> [Prompt]: Your answer should be the lines from the start of the records through the line with "#15 car (562,576,829,680)", copied word for word.

Top of Data to use

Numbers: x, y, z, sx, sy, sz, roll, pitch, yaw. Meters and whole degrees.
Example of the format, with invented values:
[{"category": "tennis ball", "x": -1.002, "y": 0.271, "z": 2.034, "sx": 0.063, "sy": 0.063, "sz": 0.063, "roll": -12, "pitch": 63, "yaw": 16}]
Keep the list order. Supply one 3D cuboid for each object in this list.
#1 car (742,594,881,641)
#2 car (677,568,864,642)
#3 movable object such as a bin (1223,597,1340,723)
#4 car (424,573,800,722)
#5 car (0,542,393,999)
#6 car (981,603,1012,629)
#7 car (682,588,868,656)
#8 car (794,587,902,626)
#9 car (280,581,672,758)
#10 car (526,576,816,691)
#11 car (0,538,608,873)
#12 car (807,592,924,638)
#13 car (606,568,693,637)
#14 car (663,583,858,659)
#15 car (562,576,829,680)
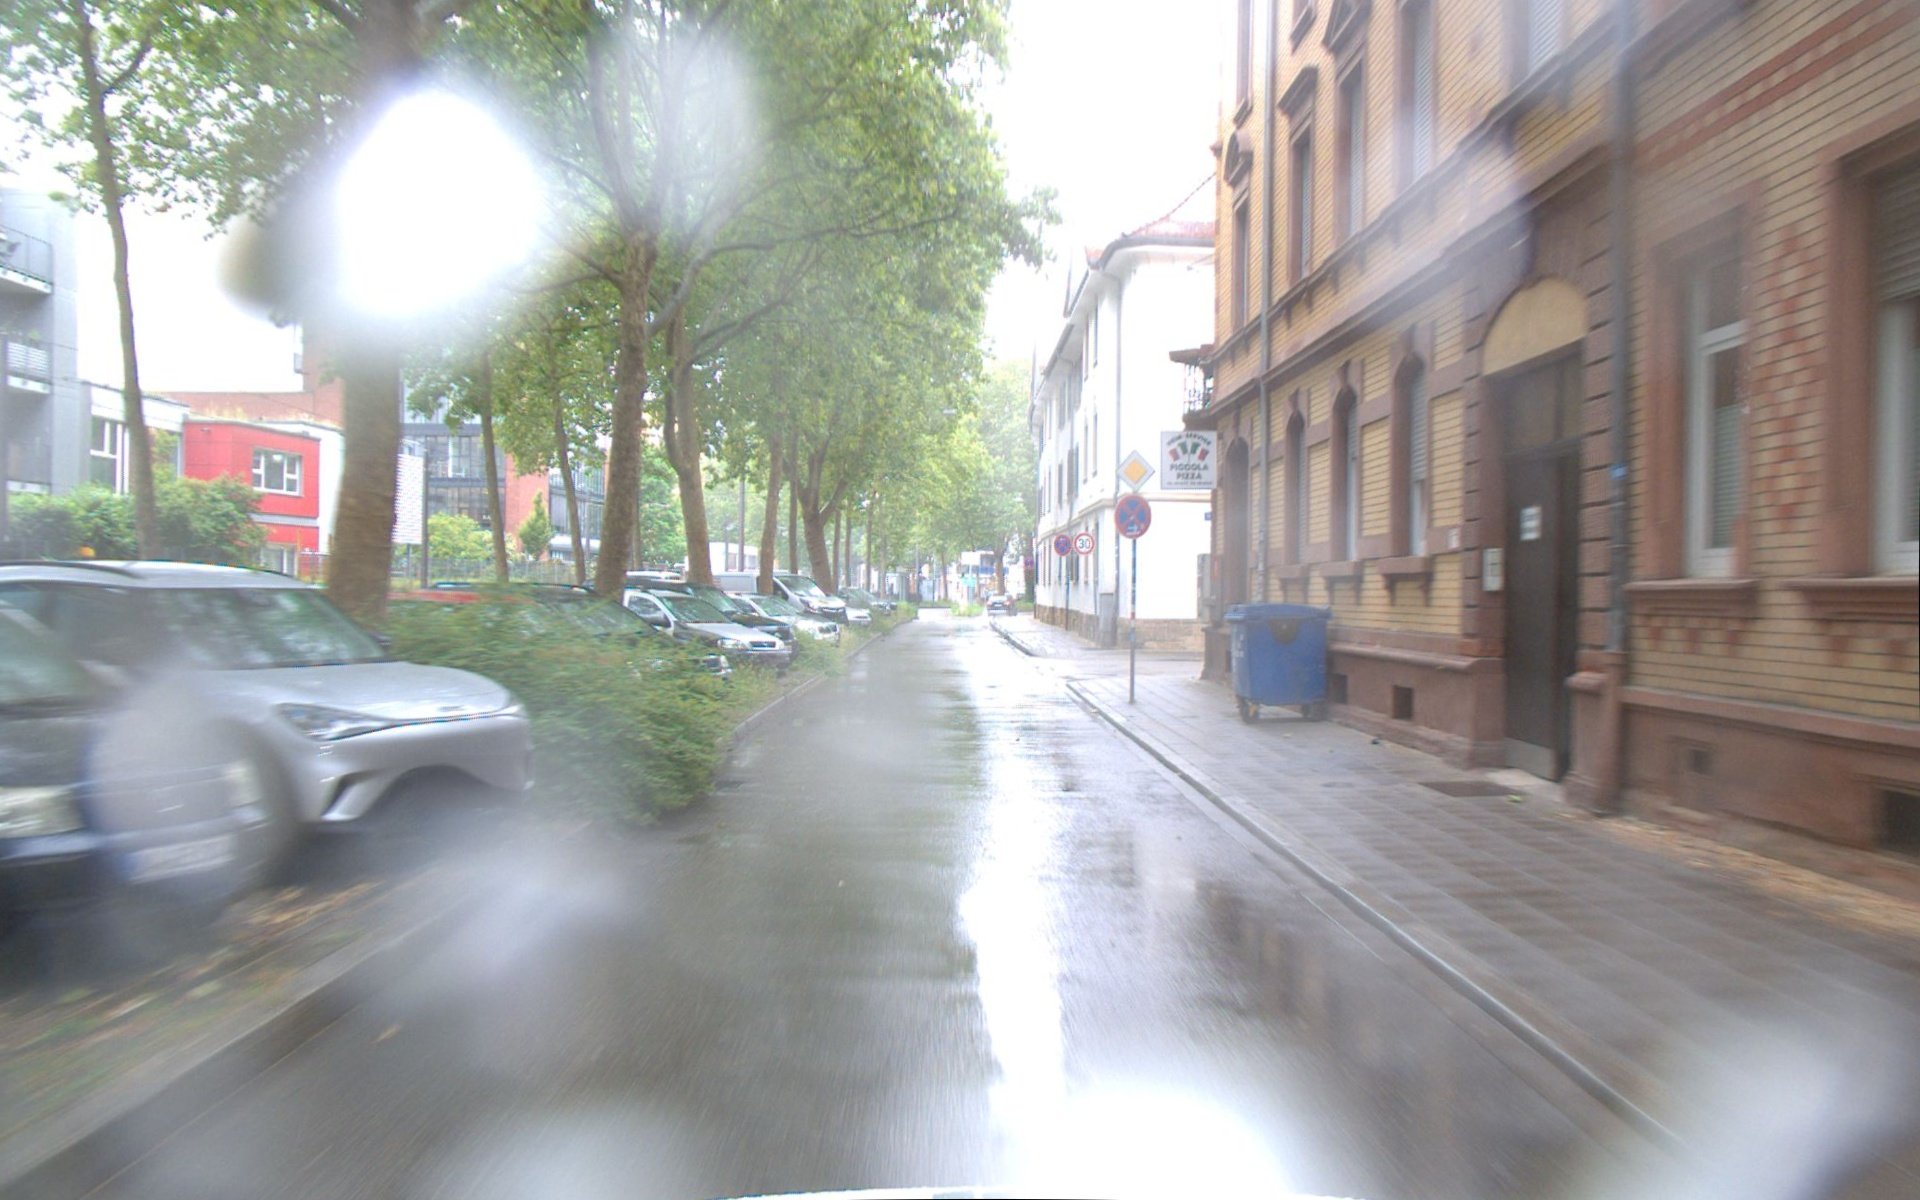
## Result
[{"category": "car", "x": -4.989, "y": 0.595, "z": 55.406, "sx": 4.461, "sy": 1.508, "sz": 1.772, "roll": -1, "pitch": 0, "yaw": 30}, {"category": "car", "x": -5.410, "y": 0.154, "z": 46.984, "sx": 5.020, "sy": 2.012, "sz": 2.099, "roll": -1, "pitch": 0, "yaw": 30}, {"category": "movable object such as a bin", "x": 3.685, "y": 0.665, "z": 19.079, "sx": 1.000, "sy": 1.324, "sz": 1.367, "roll": -3, "pitch": 1, "yaw": -1}, {"category": "car", "x": -4.089, "y": 0.482, "z": 19.343, "sx": 4.135, "sy": 1.505, "sz": 1.742, "roll": 2, "pitch": 1, "yaw": 27}, {"category": "car", "x": -4.274, "y": 0.547, "z": 6.788, "sx": 3.427, "sy": 1.493, "sz": 1.643, "roll": 0, "pitch": 1, "yaw": 21}, {"category": "car", "x": 2.482, "y": 1.083, "z": 113.038, "sx": 1.953, "sy": 1.668, "sz": 3.999, "roll": 1, "pitch": 0, "yaw": -1}, {"category": "car", "x": -4.488, "y": 0.502, "z": 40.056, "sx": 4.218, "sy": 1.462, "sz": 1.746, "roll": 2, "pitch": 1, "yaw": 26}, {"category": "car", "x": -4.935, "y": 0.276, "z": 72.636, "sx": 4.371, "sy": 1.625, "sz": 1.922, "roll": 1, "pitch": 1, "yaw": 26}, {"category": "car", "x": -4.812, "y": 0.599, "z": 16.368, "sx": 3.574, "sy": 1.505, "sz": 1.740, "roll": 2, "pitch": 1, "yaw": 30}, {"category": "car", "x": -4.598, "y": 0.527, "z": 26.160, "sx": 4.322, "sy": 1.674, "sz": 1.868, "roll": -1, "pitch": 0, "yaw": 31}, {"category": "car", "x": -4.182, "y": 0.448, "z": 9.608, "sx": 3.976, "sy": 1.564, "sz": 1.832, "roll": 2, "pitch": 1, "yaw": 30}, {"category": "car", "x": -3.301, "y": 0.516, "z": 57.507, "sx": 3.735, "sy": 1.547, "sz": 1.719, "roll": -1, "pitch": 0, "yaw": 31}, {"category": "car", "x": -9.653, "y": 0.042, "z": 51.742, "sx": 1.997, "sy": 2.034, "sz": 5.156, "roll": 1, "pitch": 1, "yaw": -3}, {"category": "car", "x": -4.448, "y": 0.433, "z": 36.882, "sx": 3.974, "sy": 1.525, "sz": 1.747, "roll": 1, "pitch": 1, "yaw": 23}, {"category": "car", "x": -4.632, "y": 0.434, "z": 28.884, "sx": 4.318, "sy": 1.689, "sz": 1.927, "roll": 0, "pitch": 1, "yaw": 27}]

Bottom of Data to use

> [Exercise answer]:
Numbers: x, y, z, sx, sy, sz, roll, pitch, yaw. Meters and whole degrees.
Example of the format, with invented values:
[{"category": "tennis ball", "x": -1.002, "y": 0.271, "z": 2.034, "sx": 0.063, "sy": 0.063, "sz": 0.063, "roll": -12, "pitch": 63, "yaw": 16}]
Keep the list order. Supply one 3D cuboid for each object in this list.
#1 car (742,594,881,641)
#2 car (677,568,864,642)
#3 movable object such as a bin (1223,597,1340,723)
#4 car (424,573,800,722)
#5 car (0,542,393,999)
#6 car (981,603,1012,629)
#7 car (682,588,868,656)
#8 car (794,587,902,626)
#9 car (280,581,672,758)
#10 car (526,576,816,691)
#11 car (0,538,608,873)
#12 car (807,592,924,638)
#13 car (606,568,693,637)
#14 car (663,583,858,659)
#15 car (562,576,829,680)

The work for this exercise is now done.